The Let's Play Archive

Star-Crosst

by Olive Branch

Part 1: V-Day



:siren: There is goon participation in this chapter! :siren:



The first thing we need to do on starting a new game is choose our protagonist's sex/presentation: male or female. This has no bearing on gameplay other than dialogue changing slightly to account for our body. There is no option to choose our pronouns or a nonbinary protagonist, and the game's text sadly doesn't account for this possibility. Ultimately, we can date anyone we want: the game doesn't lock us out of a romantic interest just because of our sex.

The first vote that was considered was whether we play as a male- or female-presenting protagonist and what our pronouns were. Our protagonist was voted to be a female-presenting character with she/her pronouns.

The game's introduction is spoken. Click here to listen!






"They had arrived two days prior in the skies above central Africa; visible to the naked eye, and we still weren't ready for it."

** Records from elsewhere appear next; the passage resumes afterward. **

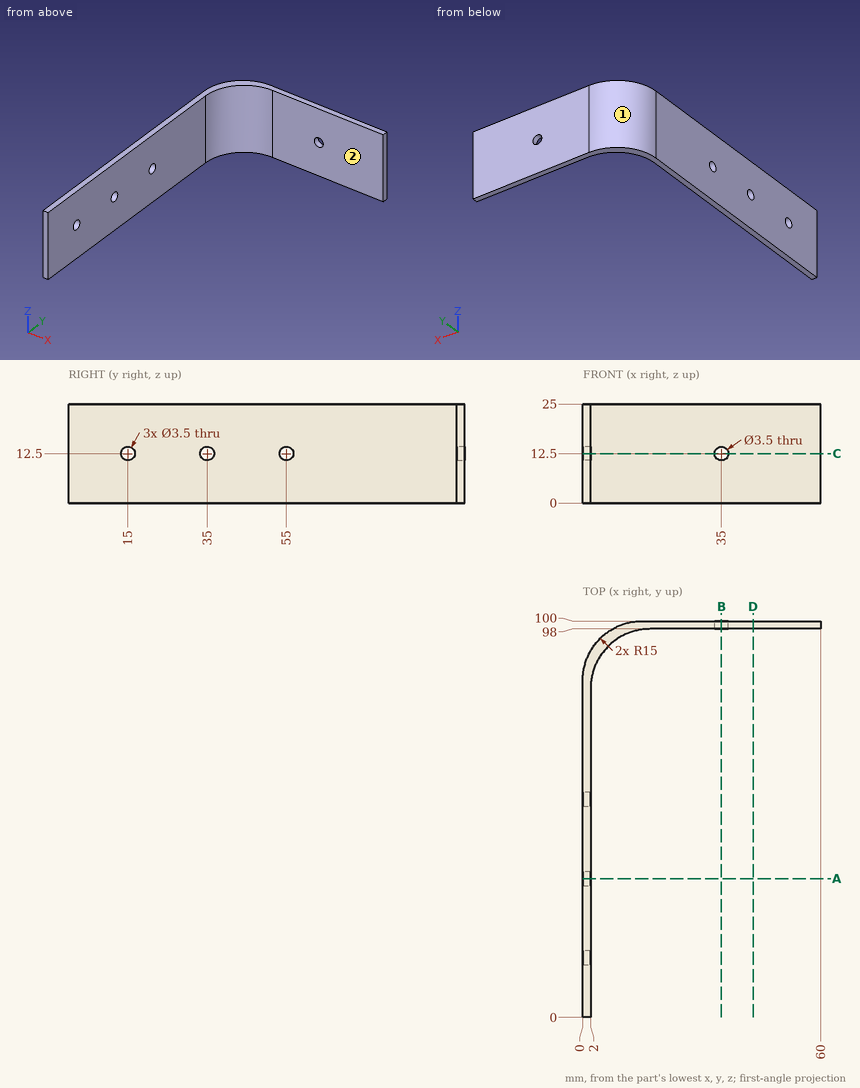
Design review of the part shown in the three views and the two pictorial views. Dimensions are in mm from the part's minimum x, y and z. A direction names the side the tool comes from. Round coordinates to 2 decimals unless told otherwise and drop trailing zeros. Write each loop counter-clockwise with the first axis right and the second up, starting at its lowest first coordinate (ties: lowest second). Pieces come first, ordered by that corner, then holes.
Item 1: Consider section B-B on x = 35. Give the boundary of the cut face in (y, z), and give its area (3 significant figures).
Item 2: Consider section D-D on x = 43. Give the boundary of the cut face in (y, z).
Item 3: For the marked faces 1 and 2, list the 3-axis set-ups (+Z, -Z, +X, -X, +Y, -Y) from which the entire face can be reached by the end or side of a thin tool; tool diameter is ignored.
Item 4: Wall thickness on L1, parallel to Z at x = 1, y = 55; L2, parallel to X at y = 40, z = 6; L3, parallel to Y at x = 36.5, z = 5.5: over which ranges is each line inside the solid? List them lowest first.
Item 5: Consider section C-C on z = 12.5. Give the boundary of the cut face in (x, y).
Item 6: For pin 1 Ø5.5 at (y, z) = (55, 12.5) entering from -X; pin 2 Ø8 at (y, z) = (59, 13) entering from +X; pin 3 Ø5.5 at (x, z) = (35, 12.5) entering from -Y, all flat-tipped, find the tip position at first contact; note any pin that passes through.
Item 7: Consider section A-A on y = 35. Give the boundary of the cut face in (x, z).
Check values:
1. outline: (98, 0) - (100, 0) - (100, 10.75) - (98, 10.75) - close; (98, 14.25) - (100, 14.25) - (100, 25) - (98, 25) - close
1. area: 43.0 mm2
2. outline: (98, 0) - (100, 0) - (100, 25) - (98, 25) - close
3. face 1: +Z, -Z, -X, +Y
3. face 2: +Z, -Z, +X, -Y
4. L1: z = 0 to 10.75, 14.25 to 25
4. L2: x = 0 to 2
4. L3: y = 98 to 100
5. outline: (0, 0) - (2, 0) - (2, 13.25) - (0, 13.25) - close; (0, 16.75) - (2, 16.75) - (2, 33.25) - (0, 33.25) - close; (0, 36.75) - (2, 36.75) - (2, 53.25) - (0, 53.25) - close; (0, 56.75) - (2, 56.75) - (2, 83) arc R15 cw to (17, 98) - (33.25, 98) - (33.25, 100) - (15, 100) arc R15 ccw to (0, 85) - close; (36.75, 98) - (60, 98) - (60, 100) - (36.75, 100) - close
6. pin 1: stops at x = 0
6. pin 2: stops at x = 2
6. pin 3: stops at y = 98
7. outline: (0, 0) - (2, 0) - (2, 10.75) - (0, 10.75) - close; (0, 14.25) - (2, 14.25) - (2, 25) - (0, 25) - close
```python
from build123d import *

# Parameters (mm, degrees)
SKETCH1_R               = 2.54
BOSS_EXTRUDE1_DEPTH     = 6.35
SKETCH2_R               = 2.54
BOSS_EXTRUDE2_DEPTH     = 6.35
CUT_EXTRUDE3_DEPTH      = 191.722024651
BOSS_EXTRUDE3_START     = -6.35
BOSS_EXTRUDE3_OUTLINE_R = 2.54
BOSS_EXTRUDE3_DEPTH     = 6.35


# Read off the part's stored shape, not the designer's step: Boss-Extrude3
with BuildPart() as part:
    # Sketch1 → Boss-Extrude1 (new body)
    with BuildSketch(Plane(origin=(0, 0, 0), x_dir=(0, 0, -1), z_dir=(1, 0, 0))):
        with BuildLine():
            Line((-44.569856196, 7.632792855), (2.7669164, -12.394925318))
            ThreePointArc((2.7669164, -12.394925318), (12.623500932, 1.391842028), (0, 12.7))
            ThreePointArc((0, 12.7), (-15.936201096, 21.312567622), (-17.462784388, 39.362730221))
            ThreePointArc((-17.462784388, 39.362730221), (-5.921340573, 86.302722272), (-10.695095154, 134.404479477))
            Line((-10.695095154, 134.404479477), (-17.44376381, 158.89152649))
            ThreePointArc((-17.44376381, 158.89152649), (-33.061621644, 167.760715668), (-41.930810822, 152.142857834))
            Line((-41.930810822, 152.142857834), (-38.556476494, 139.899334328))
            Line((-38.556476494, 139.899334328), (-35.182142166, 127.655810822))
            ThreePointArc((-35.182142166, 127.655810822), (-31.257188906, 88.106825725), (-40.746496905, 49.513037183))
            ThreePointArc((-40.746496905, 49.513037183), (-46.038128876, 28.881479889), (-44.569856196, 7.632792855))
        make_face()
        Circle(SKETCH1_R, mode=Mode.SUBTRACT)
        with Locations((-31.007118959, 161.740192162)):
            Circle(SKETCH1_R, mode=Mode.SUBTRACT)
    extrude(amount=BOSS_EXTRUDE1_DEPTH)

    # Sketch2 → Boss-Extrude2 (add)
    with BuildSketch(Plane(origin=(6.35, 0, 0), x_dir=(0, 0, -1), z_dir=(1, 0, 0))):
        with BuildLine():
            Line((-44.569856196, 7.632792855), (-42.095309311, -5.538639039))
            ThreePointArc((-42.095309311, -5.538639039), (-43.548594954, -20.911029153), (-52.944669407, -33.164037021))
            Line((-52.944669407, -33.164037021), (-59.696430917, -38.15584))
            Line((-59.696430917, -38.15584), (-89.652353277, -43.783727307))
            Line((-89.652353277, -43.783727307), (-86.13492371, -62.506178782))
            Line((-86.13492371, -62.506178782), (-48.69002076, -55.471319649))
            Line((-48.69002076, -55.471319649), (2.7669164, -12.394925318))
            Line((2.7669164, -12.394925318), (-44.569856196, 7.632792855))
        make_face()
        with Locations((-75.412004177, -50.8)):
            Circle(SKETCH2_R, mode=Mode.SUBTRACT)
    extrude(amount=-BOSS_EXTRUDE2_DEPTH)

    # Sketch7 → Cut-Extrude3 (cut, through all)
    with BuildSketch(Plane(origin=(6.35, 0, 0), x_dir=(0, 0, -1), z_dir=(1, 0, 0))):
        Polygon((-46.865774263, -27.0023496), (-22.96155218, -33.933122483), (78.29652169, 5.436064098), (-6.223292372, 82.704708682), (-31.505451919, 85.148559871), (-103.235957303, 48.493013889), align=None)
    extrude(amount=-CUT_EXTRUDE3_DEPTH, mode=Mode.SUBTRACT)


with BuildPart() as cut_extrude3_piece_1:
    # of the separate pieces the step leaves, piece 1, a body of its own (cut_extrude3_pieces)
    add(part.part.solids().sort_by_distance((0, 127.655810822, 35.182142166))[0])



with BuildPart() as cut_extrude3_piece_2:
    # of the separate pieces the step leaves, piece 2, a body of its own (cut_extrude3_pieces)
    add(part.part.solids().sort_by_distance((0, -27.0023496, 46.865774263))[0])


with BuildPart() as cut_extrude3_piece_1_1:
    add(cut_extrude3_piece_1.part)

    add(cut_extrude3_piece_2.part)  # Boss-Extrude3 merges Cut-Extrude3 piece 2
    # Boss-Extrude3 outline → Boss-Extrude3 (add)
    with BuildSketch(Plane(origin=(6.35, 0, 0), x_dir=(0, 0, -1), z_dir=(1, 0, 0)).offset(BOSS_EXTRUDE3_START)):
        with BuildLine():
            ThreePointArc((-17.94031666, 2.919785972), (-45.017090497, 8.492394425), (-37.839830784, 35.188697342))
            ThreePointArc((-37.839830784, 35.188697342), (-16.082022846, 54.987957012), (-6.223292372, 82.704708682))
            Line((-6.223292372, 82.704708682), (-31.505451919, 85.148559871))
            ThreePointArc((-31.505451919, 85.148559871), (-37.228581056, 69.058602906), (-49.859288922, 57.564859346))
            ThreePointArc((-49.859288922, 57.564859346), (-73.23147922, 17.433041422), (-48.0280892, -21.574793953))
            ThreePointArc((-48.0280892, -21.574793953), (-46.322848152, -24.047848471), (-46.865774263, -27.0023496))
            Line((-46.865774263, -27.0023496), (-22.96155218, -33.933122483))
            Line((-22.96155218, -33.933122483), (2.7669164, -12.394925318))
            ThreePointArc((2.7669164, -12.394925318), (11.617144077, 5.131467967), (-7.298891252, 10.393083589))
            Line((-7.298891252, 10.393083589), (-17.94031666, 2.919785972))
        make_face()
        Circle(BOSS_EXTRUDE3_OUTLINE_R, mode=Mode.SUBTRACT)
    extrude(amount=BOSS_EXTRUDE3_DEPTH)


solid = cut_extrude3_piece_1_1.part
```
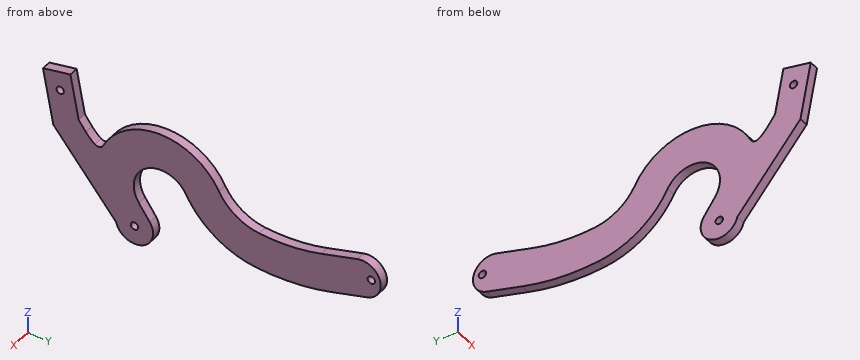
The listing builds one solid part. Answer for the finished solid, in the listing's coordinates (mm). Give positions to 0.01 mm unless a question says otherwise; leave off trailing zeros. Write each loop counter-clockwise with the first axis right and the second up, starting at its lowest first coordinate (ties: lowest second). Pieces come first, ordered by that corner, then holes. Notation, with made-up numbers: M 42.25,-22 L 48.25,-22 A26 ccw 48.25,-8 Z; hole C 33,32 d4. An arc over 180 degrees is marked long. Write each question's results on one line, items separated by ' | '.
Q1. Section B-B, the plane y = -50.8 is taken. Write down the section's boundary in (x, z).
Output values:
outline: M 0,43.11 L 6.35,43.11 L 6.35,72.87 L 0,72.87 Z; M 0,77.95 L 6.35,77.95 L 6.35,88.33 L 0,88.33 Z
Q2. Flat-ended cylindrical pins translate along their axes: P1, Ø4, axis at y = 161.74, z = 31.01, coming from the -X side; P2, Ø1.5, axis at x = 3, y = 94, coming from the -Z side; P3, Ø1, axis at x = 5.5, z = 3, coming from the +Y side. Find the tip coordinate at first contact, or state that the pin passes through.
Output values:
P1: through | P2: z = 5.57 | P3: y = 12.45
Q3. Section C-C, the plane x = 4.5 is taken. Write down the section's boundary in (y, z), then the cut area to 3 significant figures.
Output values:
outline: M -62.51,86.13 L -55.47,48.69 L -12.39,-2.77 A12.7 ccw long 10.39,7.3 L 2.92,17.94 A18.99 cw long 35.19,37.84 A60.55 ccw 82.7,6.22 A142.85 ccw 134.4,10.7 L 158.89,17.44 A12.7 ccw 152.14,41.93 L 127.66,35.18 A117.45 cw 85.15,31.51 A35.15 cw 57.56,49.86 A44.39 ccw -21.57,48.03 A3.92 cw -27,46.87 A27.94 cw -33.16,52.94 L -38.16,59.7 L -43.78,89.65 Z; hole C -50.8,75.41 d5.08; hole C 0,0 d5.08; hole C 161.74,31.01 d5.08 | area: 7,800 mm2
Q4. Section D-D, the plane y = 125.5 is taken. Write down the section's boundary in (x, z).
Output values:
outline: M 0,8.55 L 6.35,8.55 L 6.35,34.61 L 0,34.61 Z
Q5. Consider L1, parallel to Y at x = 5.25, z = 66; L2, parallel to Z at x = 4.5, y = 96; L3, parallel to Y at x = 5.75, z = 18. Determine where each line is inside the solid, lowest interval first. Write a range as from..to.
Output values:
L1: -58.72..-39.34, -5.84..42.76 | L2: 5.56..30.96 | L3: -29.78..2.88, 52.27..160.49
Q6. Section A-A, the plane z = 63 is taken. Write down the section's boundary in (x, y).
Output values:
outline: M 0,-58.16 L 6.35,-58.16 L 6.35,-38.78 L 0,-38.78 Z; M 0,-9.9 L 6.35,-9.9 L 6.35,46.82 L 0,46.82 Z
from build123d import *

# Parameters (mm, degrees)
F1_DEPTH      = 140
F3_DEPTH      = 3
F3_DEPTH_BACK = 3
F5_DEPTH      = 3
F5_DEPTH_BACK = 3


with BuildPart() as f1:
    # F0 (on Top) → F1 (new body)
    with BuildSketch(Plane.XY):
        Polygon((-9, 0), (0, 0), (9, 0), (9, -3.2), (6, -3.2), (6, -5.7), (12, -5.7), (12, 4), (6.25, 4), (6.25, 7.5), (9, 7.5), (9, 10.6), (3.5, 10.6), (3.5, 9.1), (0, 9.1), (-3.5, 9.1), (-3.5, 10.6), (-9, 10.6), (-9, 7.5), (-6.25, 7.5), (-6.25, 4), (-12, 4), (-12, -5.7), (-6, -5.7), (-6, -3.2), (-9, -3.2), align=None)
    extrude(amount=F1_DEPTH)

    # F2 (on Right) → F3 (join, two sides)
    with BuildSketch(Plane.YZ) as f3_sk:
        Polygon((0, 52.5), (-3.5, 51), (-3.5, 49), (0, 47.5), align=None)
    extrude(amount=F3_DEPTH)
    extrude(f3_sk.sketch, amount=-F3_DEPTH_BACK)

    # F4 (on Right) → F5 (join, two sides)
    with BuildSketch(Plane.YZ) as f5_sk:
        Polygon((7.5, 128), (7.5, 114), (10.5, 119), (9, 120), (9, 122), (10.5, 123), align=None)
    extrude(amount=F5_DEPTH)
    extrude(f5_sk.sketch, amount=-F5_DEPTH_BACK)


solid = f1.part
Geometry check sheet. Reference: the model listing, model coordinates, mm. A direction names the side the tool comes from. Round coordinates to 2 decimals unless told otherwise and drop trailing zeros. Loops run counter-clockwise (first coordinate to the right, second up) from the corner with the lowest first, then second, coordinate; pieces in that order, holes last. Notation, with made-up numbers: (-32, -39.75) - (8, -39.75) arc R10 cw to (8, -29.75) - close; hole circle Ø2 at (-10.5, -1.75). An arc over 180 degrees is marked (long way). Answer as CSV lines item,"result".
(1) Release check for a two-part mould opening along X. For faces 5 (the face through (12, -1, 69)), 6 (the face through (8, 7.5, 69)), 7 (the face through (3, -1, 50)) record: released by +X, released by -X, zero draft, split by the parting line, or undercut.
Output values:
face 5,"released by +X"
face 6,"zero draft"
face 7,"undercut"
(2) Cross-section at B-B, the plane x = 1.25. Enter the section's corners in (y, z).
Output values:
outline,"(-3.5, 49) - (0, 47.5) - (0, 0) - (9.1, 0) - (9.1, 116.67) - (10.5, 119) - (9.1, 119.93) - (9.1, 122.07) - (10.5, 123) - (9.1, 125.33) - (9.1, 140) - (0, 140) - (0, 52.5) - (-3.5, 51) - close"
(3) Cross-section at C-C, the plane y = 5.25. Enter the section's corners in (x, z), and give its area (3 significant figures).
Output values:
outline,"(-6.25, 0) - (6.25, 0) - (6.25, 140) - (-6.25, 140) - close"
area,"1,750 mm²"
(4) Depth check by flat-ended pin: pin 1 Ø4 at (x, z) = (0, 40.5) entering from -Y; pin 2 Ø3 at (y, z) = (7.5, 16) entering from +X; pin 3 Ø0.9 at (y, z) = (9.5, 103.5) entering from -X. Enter the tip coordinate at first touch or a pass-through.
Output values:
pin 1,"stops at y = 0"
pin 2,"stops at x = 9"
pin 3,"stops at x = -9"
(5) Cross-section at A-A, the plane z = 22.5. Enter the section's corners in (x, y), and give its area (3 significant figures).
Output values:
outline,"(-12, -5.7) - (-6, -5.7) - (-6, -3.2) - (-9, -3.2) - (-9, 0) - (9, 0) - (9, -3.2) - (6, -3.2) - (6, -5.7) - (12, -5.7) - (12, 4) - (6.25, 4) - (6.25, 7.5) - (9, 7.5) - (9, 10.6) - (3.5, 10.6) - (3.5, 9.1) - (-3.5, 9.1) - (-3.5, 10.6) - (-9, 10.6) - (-9, 7.5) - (-6.25, 7.5) - (-6.25, 4) - (-12, 4) - close"
area,"234 mm²"
(6) Material ranges on line 1 along Y through (x, z) = (-8.5, 54.5); line 2 along X through (y, z) = (-4.25, 90); line 3 along X through (y, z) = (-1.5, 110.5), recorded low to high.
Output values:
line 1,"y = -5.7 to -3.2, 0 to 4, 7.5 to 10.6"
line 2,"x = -12 to -6, 6 to 12"
line 3,"x = -12 to -9, 9 to 12"
(7) Set-up check for faces 1 (the face through (-6, -4, 69)), 2 (the face through (0.04, 9.81, 124.15)), 3 (the face through (-9, -2, 69)), 4 (the face through (-0.04, -1.77, 48.26)): record each of +Z, -Z, +X, -X, +Y, -Y from which the full face is reachable in a straight line by a thin tool's end or side.
Output values:
face 1,"+Z, -Z, -Y"
face 2,"+Z, +Y"
face 3,"+Z, -Z"
face 4,"-Z, -Y"
Source: CAD feature listing. Evaluate the final solid. Frame: model axes, mm. A direction names the side the tool comes from. Round coordinates to 2 decimals unless told otherwise and drop trailing zeros. Loops run counter-clockwise (first coordinate to the right, second up) from the corner with the lowest first, then second, coordinate; pieces in that order, holes last. Notation, with made-up numbers: (9, 61.25) -> (25, 61.25) arc R32 ccw to (25, 90.25) -> close; hole circle Ø2 at (-33.5, -13.5). An arc over 180 degrees is marked (long way). Put each result on its own line as item: value. Start each with the question number.
1. Cut plane B-B (y = -2.25). Return the cut outline in (x, z).
2. Cut plane A-A (x = -1). Return the cut outline in (y, z).
3. Draft query along Z for faces 6 (the flat face through (-18.938, 10, 2)), 7 (the flat face through (-5, 3, 0)), 8 (the cylindrical face through (-14.82, 12.94, 2.46)). Return one class per face: pulls with the +Z half, pulls with the -Z half, needs draft (parallel to the pull), parting line crosses it, or undercut.
4. Cut plane C-C (z = 2.6). Return the cut outline in (x, y).
5. Material intervals for L1, parallel to X at y = 5.25, z = 2.55; L2, parallel to X at y = 4.75, z = 4.45; L3, parallel to Y at x = -19.5, z = 1.55, sorted ascending.
6. Contact query for flat-ended pins moving along their axis: pin 1 (2 mm diameter, centred on y = -5.38, z = 2.5, fed in from +X); pin 2 (3 mm diameter, centred on x = -8, y = 8.5, fed in from +Z). Output: stop coordinate, or through.
7. Set-up query: faces 1 (the flat face through (-21, 12.624, 2)), 2 (the flat face through (-9, 8, 1)), 3 (the cylindrical face through (-21.47, 10, 3.69)), 4 (the flat face through (-3, -8.376, 2)), 5 (the cylindrical face through (-4.437, -0.019, 2.465)). Return all of +Z, -Z, +X, -X, +Y, -Y with unobstructed straight access to the full face (end or side cutting, diameter ignored); none if empty.
```python
from build123d import *

# Parameters (mm, degrees)
SKETCH1_R           = 0.8
SKETCH1_R_2         = 5.1
BOSS_EXTRUDE1_DEPTH = 5
SKETCH2_R           = 1.25
CUT_EXTRUDE1_DEPTH  = 5
SKETCH21_R          = 5.1
BOSS_EXTRUDE2_DEPTH = 1


with BuildPart() as part:
    # Sketch1 → Boss-Extrude1 (new body)
    with BuildSketch(Plane(origin=(0, 0, 0), x_dir=(0, 1, 0), z_dir=(0, 0, 1))):
        with BuildLine():
            ThreePointArc((7.923715338, -23.061842121), (11.348253353, -21.704991773), (12.914157128, -18.370857874))
            Line((12.914157128, -18.370857874), (14.611258571, 9.036437401))
            ThreePointArc((14.611258571, 9.036437401), (14.470096631, 10.842810788), (13.835805455, 12.540039768))
            ThreePointArc((13.835805455, 12.540039768), (12.931450551, 14.850335933), (12.623684243, 17.312165753))
            Line((12.623684243, 17.312165753), (12.623684243, 23.938157879))
            Line((12.623684243, 23.938157879), (-8.376315757, 23.938157879))
            Line((-8.376315757, 23.938157879), (-8.376315757, -18.061842121))
            ThreePointArc((-8.376315757, -18.061842121), (-6.911849663, -21.597376027), (-3.376315757, -23.061842121))
            Line((-3.376315757, -23.061842121), (7.923715338, -23.061842121))
        make_face()
        with BuildLine():
            Line((-6.37591859, -2.133696229), (-6.376315757, -2.061842121))
            ThreePointArc((-6.376315757, -2.061842121), (0.123684243, 4.438157879), (6.623684243, -2.061842121))
            Line((6.623684243, -2.061842121), (6.623684243, -15.061842121))
            ThreePointArc((6.623684243, -15.061842121), (0.625179068, -21.542467318), (-6.298932046, -16.061842121))
            ThreePointArc((-6.298932046, -16.061842121), (-6.376216465, -15.097769724), (-6.309594086, -14.132901895))
            Line((-6.309594086, -14.132901895), (-6.37591859, -2.133696229))
        make_face(mode=Mode.SUBTRACT)
        with Locations(Location((9.123684243, -16.061842121, 0), (0, 0, 270))):
            Circle(SKETCH1_R, mode=Mode.SUBTRACT)
        with Locations(Location((9.623684243, -10.061842121, 0), (0, 0, 270))):
            Circle(SKETCH1_R, mode=Mode.SUBTRACT)
        with Locations(Location((9.123684243, -4.061842121, 0), (0, 0, 270))):
            Circle(SKETCH1_R, mode=Mode.SUBTRACT)
        with Locations(Location((8.123684243, 9.438157879, 0), (0, 0, 270))):
            Circle(SKETCH1_R_2, mode=Mode.SUBTRACT)
        with Locations(Location((4.623684243, 21.438157879, 0), (0, 0, 270))):
            Circle(SKETCH1_R, mode=Mode.SUBTRACT)
    extrude(amount=BOSS_EXTRUDE1_DEPTH)

    # Sketch2 → Cut-Extrude1 (cut)
    with BuildSketch(Plane(origin=(-23.938157879, 0, 0), x_dir=(0, -1, 0), z_dir=(-1, 0, 0))):
        with Locations(Location((-9.623684243, 2.5, 0), (0, 0, 90))):
            Circle(SKETCH2_R)
        with Locations(Location((5.376315757, 2.5, 0), (0, 0, 90))):
            Circle(SKETCH2_R)
    extrude(amount=-CUT_EXTRUDE1_DEPTH, mode=Mode.SUBTRACT)

    # Sketch21 → Boss-Extrude2 (add)
    with BuildSketch(Plane(origin=(0, 0, 0), x_dir=(1, 0, 0), z_dir=(0, 0, -1))):
        with Locations(Location((-9.438157879, -8.123684243, 0), (0, 0, 180))):
            Circle(SKETCH21_R)
    extrude(amount=-BOSS_EXTRUDE2_DEPTH)


solid = part.part
```
Solution:
1. outline: (-23.94, 0) -> (-3.99, 0) -> (-3.99, 5) -> (-23.94, 5) -> close; (21.11, 0) -> (23.06, 0) -> (23.06, 5) -> (21.11, 5) -> close
2. outline: (-8.38, 0) -> (-5.61, 0) -> (-5.61, 5) -> (-8.38, 5) -> close; (5.86, 0) -> (14.11, 0) -> (14.11, 5) -> (5.86, 5) -> close
3. face 6: undercut
3. face 7: pulls with the -Z half
3. face 8: needs draft
4. outline: (-23.94, -8.38) -> (18.06, -8.38) arc R5 ccw to (23.06, -3.38) -> (23.06, 7.92) arc R5 ccw to (18.37, 12.91) -> (-9.04, 14.61) arc R6.5 ccw to (-12.54, 13.84) arc R10 cw to (-17.31, 12.62) -> (-23.94, 12.62) -> (-23.94, 10.87) -> (-18.94, 10.87) -> (-18.94, 8.38) -> (-23.94, 8.38) -> (-23.94, -4.13) -> (-18.94, -4.13) -> (-18.94, -6.62) -> (-23.94, -6.62) -> close; hole circle Ø1.6 at (-21.44, 4.62); hole circle Ø10.2 at (-9.44, 8.12); hole (2.06, -6.38) -> (14.13, -6.31) arc R6.5 ccw (long way) to (15.06, 6.62) -> (2.06, 6.62) arc R6.5 ccw to start; hole circle Ø1.6 at (4.06, 9.12); hole circle Ø1.6 at (10.06, 9.62); hole circle Ø1.6 at (16.06, 9.12)
5. L1: x = -23.94 to -21.94, -20.94 to -13.65, -5.22 to -1.93, 19.06 to 23.06
5. L2: x = -23.94 to -22.23, -20.65 to -13.26, -5.61 to -2.5, 19.63 to 23.06
5. L3: y = -8.38 to -6.19, -4.56 to 8.81, 10.44 to 12.62
6. pin 1: stops at x = 22.96
6. pin 2: stops at z = 1
7. face 1: +Z, -Z, -X, +Y
7. face 2: +Z
7. face 3: -X
7. face 4: +Z, -Z, +X, -X, -Y
7. face 5: +Z, -Z

"They didn't attack with conventional weapons – the largest two ships each had a superweapon that could upset Earth's atmosphere. Within the first day of their arrival, unprecedented weather phenomena struck out all over the globe."

"Water evaporated from the oceans and was brought down as raging hurricanes in the middle of sprawling deserts. Tsunamis sank whole islands. Swaths of continents baked to nothing, while others froze solid."

"We could have mounted a defense against a conventional assault, but the very Earth – our home, our cradle – was turned against us. What chance did we have when the ground beneath our feet could split apart and devour us at any moment?"

"Our enemies made no attempts to communicate. They rarely invaded with ground troops. To this day, we still don't know what they wanted."

"We had taken to calling them the 'Riklid.'"



"Mars had been colonized for close to one-hundred years by then, and it didn't fare any better."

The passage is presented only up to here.